None of these requirements has been complied with in the contested warrants. Indeed, the same
were issued upon applications stating that the natural and juridical person therein named had
committed a "violation of Central Ban Laws, Tariff and Customs Laws, Internal Revenue (Code)
and Revised Penal Code." In other words, no specific offense had been alleged in said
applications. The averments thereof with respect to the offense committed were abstract. As a
consequence, it was impossible for the judges who issued the warrants to have found the
existence of probable cause, for the same presupposes the introduction of competent proof that
the party against whom it is sought has performed particular acts, or committed specific
omissions, violating a given provision of our criminal laws.
Thus, the warrants authorized the search for and seizure of records pertaining to all business
transactions of petitioners herein, regardless of whether the transactions were legal or illegal.
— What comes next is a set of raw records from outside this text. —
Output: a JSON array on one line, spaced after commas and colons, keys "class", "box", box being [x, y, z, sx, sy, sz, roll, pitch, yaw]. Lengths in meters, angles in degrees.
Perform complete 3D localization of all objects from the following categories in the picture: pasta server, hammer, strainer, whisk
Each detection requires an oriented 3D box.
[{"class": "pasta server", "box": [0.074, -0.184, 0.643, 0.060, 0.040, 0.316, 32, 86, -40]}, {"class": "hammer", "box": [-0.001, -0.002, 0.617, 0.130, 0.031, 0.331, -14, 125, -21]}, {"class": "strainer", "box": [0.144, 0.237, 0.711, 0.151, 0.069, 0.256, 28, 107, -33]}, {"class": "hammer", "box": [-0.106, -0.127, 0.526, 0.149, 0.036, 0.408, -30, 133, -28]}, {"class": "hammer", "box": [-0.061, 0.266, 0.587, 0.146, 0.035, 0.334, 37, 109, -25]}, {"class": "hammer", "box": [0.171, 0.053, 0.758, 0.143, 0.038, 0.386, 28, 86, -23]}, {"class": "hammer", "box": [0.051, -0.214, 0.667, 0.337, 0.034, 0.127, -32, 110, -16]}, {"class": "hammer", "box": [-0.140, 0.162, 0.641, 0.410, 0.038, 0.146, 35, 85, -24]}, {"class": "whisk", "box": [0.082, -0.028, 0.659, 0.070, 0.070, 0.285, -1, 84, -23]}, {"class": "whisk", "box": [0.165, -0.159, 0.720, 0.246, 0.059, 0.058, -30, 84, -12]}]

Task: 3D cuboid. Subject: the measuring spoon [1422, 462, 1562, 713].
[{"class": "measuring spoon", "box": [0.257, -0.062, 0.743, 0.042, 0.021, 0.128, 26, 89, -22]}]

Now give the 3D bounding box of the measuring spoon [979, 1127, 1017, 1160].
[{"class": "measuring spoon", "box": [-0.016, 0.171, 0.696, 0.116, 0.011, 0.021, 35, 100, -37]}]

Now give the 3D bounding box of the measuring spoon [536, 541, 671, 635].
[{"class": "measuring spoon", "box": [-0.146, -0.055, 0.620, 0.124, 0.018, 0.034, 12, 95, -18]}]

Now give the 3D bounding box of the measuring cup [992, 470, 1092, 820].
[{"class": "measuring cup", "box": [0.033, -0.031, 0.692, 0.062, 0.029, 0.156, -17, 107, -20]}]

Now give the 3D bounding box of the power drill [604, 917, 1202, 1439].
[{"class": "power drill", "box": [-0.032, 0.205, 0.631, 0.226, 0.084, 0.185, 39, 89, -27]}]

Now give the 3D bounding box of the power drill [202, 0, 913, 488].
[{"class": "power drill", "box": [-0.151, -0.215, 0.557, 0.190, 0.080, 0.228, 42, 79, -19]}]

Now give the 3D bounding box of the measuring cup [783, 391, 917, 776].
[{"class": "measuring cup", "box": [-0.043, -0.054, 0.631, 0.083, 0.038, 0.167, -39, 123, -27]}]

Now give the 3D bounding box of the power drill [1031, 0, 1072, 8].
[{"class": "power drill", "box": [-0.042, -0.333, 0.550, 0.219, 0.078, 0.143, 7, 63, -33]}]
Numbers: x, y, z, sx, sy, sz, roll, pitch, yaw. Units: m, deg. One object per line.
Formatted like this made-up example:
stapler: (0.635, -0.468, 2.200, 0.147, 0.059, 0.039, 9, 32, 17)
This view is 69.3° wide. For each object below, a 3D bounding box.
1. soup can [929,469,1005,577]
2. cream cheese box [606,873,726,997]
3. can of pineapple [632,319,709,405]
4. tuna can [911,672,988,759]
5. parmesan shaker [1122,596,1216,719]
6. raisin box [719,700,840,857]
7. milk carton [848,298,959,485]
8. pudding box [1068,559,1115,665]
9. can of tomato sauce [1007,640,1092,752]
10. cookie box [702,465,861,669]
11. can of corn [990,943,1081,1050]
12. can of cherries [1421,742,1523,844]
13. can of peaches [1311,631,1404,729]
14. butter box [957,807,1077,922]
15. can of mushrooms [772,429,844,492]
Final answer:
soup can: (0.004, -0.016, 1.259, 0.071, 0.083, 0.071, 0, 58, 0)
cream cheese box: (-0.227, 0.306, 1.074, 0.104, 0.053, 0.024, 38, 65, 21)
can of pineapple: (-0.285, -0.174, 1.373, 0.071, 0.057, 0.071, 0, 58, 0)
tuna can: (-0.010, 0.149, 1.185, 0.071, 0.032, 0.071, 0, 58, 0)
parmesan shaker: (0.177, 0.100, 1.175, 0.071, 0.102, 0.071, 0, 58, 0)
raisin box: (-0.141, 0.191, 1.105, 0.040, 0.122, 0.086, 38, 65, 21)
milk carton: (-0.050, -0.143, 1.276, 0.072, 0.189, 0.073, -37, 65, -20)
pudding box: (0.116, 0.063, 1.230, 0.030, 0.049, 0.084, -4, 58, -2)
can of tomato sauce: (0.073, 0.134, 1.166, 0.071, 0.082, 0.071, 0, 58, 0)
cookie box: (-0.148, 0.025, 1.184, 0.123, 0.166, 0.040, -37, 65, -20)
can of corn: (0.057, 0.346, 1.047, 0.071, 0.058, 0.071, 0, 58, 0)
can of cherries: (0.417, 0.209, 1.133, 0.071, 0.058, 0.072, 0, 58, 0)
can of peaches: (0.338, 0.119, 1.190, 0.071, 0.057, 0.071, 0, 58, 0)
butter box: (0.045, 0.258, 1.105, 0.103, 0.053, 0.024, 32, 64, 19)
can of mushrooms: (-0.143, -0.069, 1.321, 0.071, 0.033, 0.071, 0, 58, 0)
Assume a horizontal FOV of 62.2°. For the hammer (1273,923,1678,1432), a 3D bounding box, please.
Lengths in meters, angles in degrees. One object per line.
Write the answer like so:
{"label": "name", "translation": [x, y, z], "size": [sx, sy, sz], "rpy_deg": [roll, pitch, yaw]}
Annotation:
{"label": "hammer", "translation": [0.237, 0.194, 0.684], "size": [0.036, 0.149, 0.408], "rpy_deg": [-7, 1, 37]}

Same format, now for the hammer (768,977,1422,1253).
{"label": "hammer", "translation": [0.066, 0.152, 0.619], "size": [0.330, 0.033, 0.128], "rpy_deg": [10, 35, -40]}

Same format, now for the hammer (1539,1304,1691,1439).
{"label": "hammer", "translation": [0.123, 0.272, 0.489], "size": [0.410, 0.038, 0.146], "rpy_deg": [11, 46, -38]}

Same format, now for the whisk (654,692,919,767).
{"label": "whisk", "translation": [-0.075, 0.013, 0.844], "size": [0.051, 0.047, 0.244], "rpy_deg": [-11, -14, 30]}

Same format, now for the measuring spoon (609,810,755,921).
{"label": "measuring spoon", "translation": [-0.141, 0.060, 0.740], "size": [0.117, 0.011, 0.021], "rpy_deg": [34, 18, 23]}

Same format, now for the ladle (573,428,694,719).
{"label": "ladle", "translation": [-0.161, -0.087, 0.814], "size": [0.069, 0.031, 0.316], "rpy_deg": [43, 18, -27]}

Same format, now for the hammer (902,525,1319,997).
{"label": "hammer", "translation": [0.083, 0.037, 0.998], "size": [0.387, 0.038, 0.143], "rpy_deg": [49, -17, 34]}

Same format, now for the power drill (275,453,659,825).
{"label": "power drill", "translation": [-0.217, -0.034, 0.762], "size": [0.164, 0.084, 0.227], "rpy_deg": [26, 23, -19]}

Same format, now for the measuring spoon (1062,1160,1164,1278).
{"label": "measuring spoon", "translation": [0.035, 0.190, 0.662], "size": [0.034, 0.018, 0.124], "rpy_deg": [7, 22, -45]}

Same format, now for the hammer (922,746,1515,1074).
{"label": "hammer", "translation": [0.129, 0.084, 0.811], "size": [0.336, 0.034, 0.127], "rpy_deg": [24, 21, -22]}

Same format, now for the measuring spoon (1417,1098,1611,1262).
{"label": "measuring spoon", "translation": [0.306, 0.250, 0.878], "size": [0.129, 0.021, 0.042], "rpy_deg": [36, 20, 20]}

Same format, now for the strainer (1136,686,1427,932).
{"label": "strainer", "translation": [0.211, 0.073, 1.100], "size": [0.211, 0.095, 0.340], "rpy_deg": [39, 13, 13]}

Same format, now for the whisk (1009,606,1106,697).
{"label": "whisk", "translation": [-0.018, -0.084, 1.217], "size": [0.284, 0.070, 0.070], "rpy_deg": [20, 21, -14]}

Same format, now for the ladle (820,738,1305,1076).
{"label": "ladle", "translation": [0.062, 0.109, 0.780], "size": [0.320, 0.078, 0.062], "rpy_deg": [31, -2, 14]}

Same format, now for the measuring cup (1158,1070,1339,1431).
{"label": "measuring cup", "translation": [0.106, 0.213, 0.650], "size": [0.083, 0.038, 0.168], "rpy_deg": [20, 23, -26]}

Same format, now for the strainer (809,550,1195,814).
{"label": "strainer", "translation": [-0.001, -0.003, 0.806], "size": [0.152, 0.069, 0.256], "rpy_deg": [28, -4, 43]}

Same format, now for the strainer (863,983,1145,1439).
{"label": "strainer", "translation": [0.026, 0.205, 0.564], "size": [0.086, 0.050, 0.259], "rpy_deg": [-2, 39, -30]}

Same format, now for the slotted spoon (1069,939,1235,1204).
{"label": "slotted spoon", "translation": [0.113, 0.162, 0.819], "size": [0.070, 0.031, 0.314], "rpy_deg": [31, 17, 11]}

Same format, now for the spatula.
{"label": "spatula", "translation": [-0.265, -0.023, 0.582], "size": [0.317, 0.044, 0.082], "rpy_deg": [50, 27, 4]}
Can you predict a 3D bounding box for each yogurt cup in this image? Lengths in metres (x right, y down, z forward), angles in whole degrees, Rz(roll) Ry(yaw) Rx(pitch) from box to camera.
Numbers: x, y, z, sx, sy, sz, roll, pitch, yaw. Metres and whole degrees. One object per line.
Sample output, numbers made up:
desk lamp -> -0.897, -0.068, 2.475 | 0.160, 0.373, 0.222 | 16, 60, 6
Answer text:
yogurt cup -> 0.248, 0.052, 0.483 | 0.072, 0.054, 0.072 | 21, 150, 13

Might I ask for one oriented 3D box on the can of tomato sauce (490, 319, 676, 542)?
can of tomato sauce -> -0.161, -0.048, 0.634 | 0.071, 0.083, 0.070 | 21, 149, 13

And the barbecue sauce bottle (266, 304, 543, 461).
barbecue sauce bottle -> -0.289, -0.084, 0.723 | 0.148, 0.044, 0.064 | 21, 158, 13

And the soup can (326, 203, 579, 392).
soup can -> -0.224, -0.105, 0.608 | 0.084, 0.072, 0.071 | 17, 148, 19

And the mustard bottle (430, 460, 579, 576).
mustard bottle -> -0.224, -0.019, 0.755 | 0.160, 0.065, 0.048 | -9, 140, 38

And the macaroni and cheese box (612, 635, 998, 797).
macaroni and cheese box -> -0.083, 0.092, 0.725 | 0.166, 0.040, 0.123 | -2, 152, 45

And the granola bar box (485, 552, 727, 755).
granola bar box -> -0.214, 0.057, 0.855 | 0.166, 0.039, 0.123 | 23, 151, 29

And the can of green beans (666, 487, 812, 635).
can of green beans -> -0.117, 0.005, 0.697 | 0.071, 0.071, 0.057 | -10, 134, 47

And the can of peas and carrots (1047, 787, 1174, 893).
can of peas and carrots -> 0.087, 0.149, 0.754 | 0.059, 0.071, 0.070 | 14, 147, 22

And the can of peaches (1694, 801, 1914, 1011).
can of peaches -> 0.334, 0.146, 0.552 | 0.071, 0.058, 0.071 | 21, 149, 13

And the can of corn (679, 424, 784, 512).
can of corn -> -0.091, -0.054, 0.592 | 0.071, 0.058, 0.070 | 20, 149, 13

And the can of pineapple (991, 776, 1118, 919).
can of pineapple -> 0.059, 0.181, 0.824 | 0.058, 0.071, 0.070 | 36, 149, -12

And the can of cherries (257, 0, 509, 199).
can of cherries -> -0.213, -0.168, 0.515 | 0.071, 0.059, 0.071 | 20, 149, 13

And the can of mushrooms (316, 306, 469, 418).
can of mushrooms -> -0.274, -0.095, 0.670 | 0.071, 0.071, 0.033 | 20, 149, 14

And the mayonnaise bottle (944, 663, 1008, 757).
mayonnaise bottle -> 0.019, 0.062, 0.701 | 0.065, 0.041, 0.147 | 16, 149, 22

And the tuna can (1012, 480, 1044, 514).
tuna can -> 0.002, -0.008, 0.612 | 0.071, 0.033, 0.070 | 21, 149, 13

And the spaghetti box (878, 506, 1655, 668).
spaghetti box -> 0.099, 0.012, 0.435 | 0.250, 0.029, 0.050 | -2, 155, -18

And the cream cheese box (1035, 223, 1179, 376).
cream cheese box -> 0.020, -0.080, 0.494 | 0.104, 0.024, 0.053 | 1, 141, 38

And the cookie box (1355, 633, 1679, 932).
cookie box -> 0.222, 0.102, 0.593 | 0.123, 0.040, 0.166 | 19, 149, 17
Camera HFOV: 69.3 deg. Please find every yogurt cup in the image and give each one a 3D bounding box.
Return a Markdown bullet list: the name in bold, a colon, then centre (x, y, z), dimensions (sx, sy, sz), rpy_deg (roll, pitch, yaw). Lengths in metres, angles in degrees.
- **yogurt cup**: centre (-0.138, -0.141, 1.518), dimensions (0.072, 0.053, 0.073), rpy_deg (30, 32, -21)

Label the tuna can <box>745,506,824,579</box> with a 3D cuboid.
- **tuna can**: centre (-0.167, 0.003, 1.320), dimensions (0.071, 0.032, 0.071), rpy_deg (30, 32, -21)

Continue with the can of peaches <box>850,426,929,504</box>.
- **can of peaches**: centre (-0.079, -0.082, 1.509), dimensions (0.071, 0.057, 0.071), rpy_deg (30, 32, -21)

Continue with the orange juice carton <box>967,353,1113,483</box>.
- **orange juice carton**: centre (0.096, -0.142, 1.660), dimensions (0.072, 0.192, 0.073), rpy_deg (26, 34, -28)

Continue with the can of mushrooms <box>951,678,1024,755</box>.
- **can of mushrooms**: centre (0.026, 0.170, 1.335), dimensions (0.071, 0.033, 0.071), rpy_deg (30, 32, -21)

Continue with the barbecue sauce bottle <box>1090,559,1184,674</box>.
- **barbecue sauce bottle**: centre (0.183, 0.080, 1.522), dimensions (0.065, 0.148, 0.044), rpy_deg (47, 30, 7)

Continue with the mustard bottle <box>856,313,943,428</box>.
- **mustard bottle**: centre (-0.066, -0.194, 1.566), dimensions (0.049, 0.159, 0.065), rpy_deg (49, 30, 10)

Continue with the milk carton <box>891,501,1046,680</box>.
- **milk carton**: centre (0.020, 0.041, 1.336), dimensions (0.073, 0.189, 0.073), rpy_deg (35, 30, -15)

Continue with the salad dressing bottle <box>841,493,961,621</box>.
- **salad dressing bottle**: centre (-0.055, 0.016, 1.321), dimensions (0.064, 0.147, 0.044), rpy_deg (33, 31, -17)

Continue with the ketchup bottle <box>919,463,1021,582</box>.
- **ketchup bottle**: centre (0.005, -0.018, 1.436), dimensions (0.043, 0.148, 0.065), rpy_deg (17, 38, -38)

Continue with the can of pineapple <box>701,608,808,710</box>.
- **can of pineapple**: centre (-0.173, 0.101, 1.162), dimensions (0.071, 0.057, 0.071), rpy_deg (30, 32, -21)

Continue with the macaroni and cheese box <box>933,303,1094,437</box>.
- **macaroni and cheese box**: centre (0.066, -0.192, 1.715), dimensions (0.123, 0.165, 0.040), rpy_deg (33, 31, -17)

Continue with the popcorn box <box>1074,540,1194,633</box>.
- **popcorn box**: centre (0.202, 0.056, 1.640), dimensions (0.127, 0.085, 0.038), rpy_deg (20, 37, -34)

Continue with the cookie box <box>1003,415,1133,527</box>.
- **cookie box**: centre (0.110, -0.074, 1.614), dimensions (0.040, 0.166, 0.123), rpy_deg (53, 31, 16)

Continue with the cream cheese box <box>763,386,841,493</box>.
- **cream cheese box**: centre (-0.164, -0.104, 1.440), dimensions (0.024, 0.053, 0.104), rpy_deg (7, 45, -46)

The
warrants sanctioned the seizure of all records of the petitioners and the aforementioned
corporations, whatever their nature, thus openly contravening the explicit command of our Bill of
Rights — that the things to be seized be particularly described — as well as tending to defeat its
major objective: the elimination of general warrants.
Relying upon Moncado vs. People's Court (80 Phil. 1), Respondents-Prosecutors maintain that,
even if the searches and seizures under consideration were unconstitutional, the documents,
papers and things thus seized are admissible in evidence against petitioners herein. Upon mature
deliberation, however, we are unanimously of the opinion that the position taken in the Moncado
case must be abandoned. Said position was in line with the American common law rule.
We are not satisfied that the allegations of said petitions said motion for reconsideration, and the
contents of the aforementioned affidavits and other papers submitted in support of said motion,
have sufficiently established the facts or conditions contemplated in the cases relied upon by the
petitioners; to warrant application of the views therein expressed, should we agree thereto. At any
rate, we do not deem it necessary to express our opinion thereon, it being best to leave the matter
open for determination in appropriate cases in the future.
We hold, therefore, that the doctrine adopted in the Moncado case must be, as it is hereby,
abandoned; that the warrants for the search of three (3) residences of herein petitioners, as
specified in the Resolution of June 29, 1962, are null and void; that the searches and seizures
therein made are illegal; that the writ of preliminary injunction heretofore issued, in connection
with the documents, papers and other effects thus seized in said residences of herein petitioners is
hereby made permanent; that the writs prayed for are granted, insofar as the documents, papers
and other effects so seized in the aforementioned residences are concerned; that the
aforementioned motion for Reconsideration and Amendment should be, as it is hereby, denied;
and that the petition herein is dismissed and the writs prayed for denied, as regards the
documents, papers and other effects seized in the twenty-nine (29) places, offices and other
premises enumerated in the same Resolution, without special pronouncement as to costs.